◆ DATA TO EXAMINE ◆
▶

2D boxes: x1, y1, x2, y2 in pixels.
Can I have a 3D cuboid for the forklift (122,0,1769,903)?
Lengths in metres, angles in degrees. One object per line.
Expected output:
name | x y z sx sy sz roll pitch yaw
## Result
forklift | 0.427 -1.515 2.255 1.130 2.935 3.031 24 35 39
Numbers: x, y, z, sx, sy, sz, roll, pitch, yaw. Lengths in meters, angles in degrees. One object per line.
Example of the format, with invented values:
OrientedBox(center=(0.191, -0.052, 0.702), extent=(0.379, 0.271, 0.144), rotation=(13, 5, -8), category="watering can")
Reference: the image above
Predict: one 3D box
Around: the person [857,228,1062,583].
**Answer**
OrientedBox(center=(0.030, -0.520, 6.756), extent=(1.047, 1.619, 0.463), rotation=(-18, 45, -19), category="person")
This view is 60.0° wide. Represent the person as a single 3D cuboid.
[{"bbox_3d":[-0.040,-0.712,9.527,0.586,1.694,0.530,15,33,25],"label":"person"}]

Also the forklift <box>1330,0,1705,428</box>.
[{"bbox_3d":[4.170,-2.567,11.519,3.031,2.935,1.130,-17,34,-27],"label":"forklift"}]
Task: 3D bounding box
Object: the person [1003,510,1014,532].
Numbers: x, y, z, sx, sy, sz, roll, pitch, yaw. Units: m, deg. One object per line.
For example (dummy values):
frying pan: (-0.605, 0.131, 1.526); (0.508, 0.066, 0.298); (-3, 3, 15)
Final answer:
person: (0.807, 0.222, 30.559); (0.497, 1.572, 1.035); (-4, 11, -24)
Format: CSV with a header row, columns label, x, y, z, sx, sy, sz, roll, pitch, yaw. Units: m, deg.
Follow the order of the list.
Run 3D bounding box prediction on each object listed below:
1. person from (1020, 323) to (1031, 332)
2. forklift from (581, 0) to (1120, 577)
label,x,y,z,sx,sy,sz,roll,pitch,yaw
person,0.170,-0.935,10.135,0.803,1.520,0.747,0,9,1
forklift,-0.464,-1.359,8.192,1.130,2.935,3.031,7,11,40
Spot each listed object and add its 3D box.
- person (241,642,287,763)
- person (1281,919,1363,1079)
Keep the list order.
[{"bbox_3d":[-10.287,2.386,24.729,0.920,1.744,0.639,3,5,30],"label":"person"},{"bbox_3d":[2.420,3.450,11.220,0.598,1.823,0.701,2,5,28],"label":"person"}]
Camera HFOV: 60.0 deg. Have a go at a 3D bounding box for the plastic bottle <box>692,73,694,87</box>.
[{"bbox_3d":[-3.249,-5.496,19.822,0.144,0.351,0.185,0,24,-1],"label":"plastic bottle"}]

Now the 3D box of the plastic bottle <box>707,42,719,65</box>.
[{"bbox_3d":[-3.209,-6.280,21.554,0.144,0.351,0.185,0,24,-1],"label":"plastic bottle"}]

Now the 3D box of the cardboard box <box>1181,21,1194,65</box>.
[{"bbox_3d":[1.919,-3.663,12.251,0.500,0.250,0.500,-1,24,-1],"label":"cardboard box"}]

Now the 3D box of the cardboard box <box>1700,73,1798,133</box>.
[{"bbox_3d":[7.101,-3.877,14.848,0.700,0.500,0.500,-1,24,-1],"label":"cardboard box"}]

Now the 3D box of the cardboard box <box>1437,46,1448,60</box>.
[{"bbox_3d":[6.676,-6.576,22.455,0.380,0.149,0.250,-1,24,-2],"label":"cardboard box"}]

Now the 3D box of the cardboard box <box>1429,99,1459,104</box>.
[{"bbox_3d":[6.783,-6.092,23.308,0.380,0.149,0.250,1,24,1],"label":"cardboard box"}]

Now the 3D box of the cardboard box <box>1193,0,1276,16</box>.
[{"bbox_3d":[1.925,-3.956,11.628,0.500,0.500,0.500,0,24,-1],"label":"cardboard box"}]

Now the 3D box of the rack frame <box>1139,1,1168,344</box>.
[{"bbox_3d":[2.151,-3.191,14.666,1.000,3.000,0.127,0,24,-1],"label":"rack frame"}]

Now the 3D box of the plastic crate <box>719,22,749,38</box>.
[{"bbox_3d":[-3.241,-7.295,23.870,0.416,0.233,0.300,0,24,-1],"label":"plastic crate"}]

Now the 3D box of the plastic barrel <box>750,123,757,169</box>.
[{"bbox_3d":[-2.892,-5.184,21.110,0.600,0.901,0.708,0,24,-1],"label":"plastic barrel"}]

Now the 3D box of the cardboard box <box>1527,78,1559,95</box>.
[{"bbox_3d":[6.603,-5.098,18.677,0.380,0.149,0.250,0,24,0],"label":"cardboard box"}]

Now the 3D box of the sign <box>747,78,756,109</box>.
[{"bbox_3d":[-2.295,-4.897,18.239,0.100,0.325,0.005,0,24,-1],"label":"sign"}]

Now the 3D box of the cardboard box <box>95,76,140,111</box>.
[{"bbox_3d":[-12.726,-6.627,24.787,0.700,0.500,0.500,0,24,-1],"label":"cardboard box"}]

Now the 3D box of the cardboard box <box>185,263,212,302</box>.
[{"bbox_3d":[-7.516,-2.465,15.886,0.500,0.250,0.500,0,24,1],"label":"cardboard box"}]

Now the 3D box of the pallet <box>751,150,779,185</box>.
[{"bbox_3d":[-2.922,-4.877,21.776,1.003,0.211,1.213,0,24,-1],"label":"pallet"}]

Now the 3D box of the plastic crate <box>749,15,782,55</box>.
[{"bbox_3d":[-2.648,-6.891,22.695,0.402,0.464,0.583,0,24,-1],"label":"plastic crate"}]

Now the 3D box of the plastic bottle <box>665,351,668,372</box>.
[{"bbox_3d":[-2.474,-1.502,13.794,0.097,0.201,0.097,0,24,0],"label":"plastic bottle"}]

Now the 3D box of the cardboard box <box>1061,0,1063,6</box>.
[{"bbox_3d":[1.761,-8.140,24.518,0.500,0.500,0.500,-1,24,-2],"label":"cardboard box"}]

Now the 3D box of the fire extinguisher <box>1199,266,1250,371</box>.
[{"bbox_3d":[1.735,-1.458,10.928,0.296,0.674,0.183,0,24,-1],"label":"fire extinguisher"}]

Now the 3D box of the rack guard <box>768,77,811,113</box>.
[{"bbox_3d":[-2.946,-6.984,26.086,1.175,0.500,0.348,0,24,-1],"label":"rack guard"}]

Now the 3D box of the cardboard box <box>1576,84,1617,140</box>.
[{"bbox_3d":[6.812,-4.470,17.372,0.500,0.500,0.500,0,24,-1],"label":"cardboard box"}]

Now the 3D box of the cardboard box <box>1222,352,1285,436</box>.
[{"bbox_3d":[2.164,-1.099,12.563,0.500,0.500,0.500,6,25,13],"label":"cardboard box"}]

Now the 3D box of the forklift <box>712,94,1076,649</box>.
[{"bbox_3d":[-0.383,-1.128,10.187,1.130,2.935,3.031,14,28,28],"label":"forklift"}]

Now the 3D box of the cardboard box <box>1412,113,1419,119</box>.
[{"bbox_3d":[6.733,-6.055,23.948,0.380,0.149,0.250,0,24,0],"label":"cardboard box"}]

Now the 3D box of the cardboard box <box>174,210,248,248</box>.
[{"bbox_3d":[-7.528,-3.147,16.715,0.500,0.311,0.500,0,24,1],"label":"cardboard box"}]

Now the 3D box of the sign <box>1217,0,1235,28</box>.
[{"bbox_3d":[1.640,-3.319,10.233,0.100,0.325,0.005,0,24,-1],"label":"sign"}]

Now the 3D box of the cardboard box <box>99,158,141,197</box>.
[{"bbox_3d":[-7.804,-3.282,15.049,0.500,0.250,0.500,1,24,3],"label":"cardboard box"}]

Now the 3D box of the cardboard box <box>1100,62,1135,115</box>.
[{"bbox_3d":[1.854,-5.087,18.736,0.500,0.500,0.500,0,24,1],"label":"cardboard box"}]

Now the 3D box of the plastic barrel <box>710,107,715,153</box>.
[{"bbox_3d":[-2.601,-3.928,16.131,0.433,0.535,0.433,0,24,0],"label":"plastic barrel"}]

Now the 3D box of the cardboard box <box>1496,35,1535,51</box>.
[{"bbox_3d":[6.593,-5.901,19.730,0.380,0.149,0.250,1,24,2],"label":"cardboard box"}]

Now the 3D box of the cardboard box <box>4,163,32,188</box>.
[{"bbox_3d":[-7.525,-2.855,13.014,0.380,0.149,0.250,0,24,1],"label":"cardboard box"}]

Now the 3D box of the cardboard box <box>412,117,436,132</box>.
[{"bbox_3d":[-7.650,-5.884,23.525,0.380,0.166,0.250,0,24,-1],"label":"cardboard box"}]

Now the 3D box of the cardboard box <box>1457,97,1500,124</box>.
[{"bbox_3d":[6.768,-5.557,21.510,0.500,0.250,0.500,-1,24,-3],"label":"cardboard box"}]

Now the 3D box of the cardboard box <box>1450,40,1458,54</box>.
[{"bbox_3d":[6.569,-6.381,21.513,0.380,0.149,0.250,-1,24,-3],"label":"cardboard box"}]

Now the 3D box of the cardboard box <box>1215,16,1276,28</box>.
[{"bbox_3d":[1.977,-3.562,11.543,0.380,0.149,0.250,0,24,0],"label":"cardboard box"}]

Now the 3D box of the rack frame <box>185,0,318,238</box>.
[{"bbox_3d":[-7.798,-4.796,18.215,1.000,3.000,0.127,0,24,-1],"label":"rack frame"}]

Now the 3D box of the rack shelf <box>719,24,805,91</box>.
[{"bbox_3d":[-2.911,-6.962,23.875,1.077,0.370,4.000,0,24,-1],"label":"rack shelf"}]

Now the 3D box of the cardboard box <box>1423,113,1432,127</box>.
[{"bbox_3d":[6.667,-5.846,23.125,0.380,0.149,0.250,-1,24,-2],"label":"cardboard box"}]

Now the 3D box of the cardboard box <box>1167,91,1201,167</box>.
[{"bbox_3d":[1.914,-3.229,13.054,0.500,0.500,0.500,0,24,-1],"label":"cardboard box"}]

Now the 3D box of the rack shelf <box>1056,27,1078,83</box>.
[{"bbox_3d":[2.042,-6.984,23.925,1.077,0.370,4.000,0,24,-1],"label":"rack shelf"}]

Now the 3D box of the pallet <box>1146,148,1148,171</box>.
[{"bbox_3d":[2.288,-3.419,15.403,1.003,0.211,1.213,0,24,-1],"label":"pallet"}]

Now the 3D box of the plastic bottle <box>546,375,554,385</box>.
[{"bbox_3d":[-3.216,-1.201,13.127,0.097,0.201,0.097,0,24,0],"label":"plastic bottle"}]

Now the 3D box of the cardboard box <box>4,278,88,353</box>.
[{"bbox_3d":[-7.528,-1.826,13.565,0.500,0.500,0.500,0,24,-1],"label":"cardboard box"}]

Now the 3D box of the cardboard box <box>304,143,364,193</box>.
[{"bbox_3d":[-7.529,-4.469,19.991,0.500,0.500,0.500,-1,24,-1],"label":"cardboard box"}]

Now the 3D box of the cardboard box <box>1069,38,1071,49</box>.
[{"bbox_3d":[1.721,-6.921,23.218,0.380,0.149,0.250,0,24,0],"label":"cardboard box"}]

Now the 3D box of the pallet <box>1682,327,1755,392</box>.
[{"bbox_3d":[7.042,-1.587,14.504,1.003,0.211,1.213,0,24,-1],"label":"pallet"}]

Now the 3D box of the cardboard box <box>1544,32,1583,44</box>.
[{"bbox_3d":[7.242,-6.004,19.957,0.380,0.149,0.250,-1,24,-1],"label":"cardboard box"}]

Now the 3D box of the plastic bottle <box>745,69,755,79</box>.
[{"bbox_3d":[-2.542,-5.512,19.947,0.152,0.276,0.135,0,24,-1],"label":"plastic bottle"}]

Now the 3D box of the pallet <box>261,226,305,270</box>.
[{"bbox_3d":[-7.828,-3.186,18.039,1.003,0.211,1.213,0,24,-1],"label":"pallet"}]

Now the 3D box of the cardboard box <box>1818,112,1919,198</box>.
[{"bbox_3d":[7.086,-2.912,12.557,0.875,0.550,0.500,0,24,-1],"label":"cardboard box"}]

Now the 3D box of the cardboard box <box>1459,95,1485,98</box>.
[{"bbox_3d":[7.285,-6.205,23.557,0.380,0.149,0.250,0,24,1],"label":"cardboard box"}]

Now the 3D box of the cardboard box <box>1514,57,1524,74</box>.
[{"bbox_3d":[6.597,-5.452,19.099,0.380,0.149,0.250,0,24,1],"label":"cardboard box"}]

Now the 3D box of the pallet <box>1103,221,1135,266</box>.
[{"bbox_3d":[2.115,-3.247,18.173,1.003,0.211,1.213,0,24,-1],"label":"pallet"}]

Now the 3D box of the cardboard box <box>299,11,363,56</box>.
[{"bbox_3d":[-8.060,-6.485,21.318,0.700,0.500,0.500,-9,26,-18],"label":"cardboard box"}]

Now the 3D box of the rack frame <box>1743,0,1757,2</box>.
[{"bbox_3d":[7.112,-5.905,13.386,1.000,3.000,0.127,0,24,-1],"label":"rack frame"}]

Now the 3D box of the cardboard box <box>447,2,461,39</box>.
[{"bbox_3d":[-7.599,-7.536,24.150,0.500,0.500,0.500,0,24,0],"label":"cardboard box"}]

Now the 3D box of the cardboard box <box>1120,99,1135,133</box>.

◀

Return each line of the data where the word "with" appears.

Example of the format, with invented values:
Format: CSV with a header row, columns label, x, y, z, sx, sy, sz, roll, pitch, yaw. Units: m, deg.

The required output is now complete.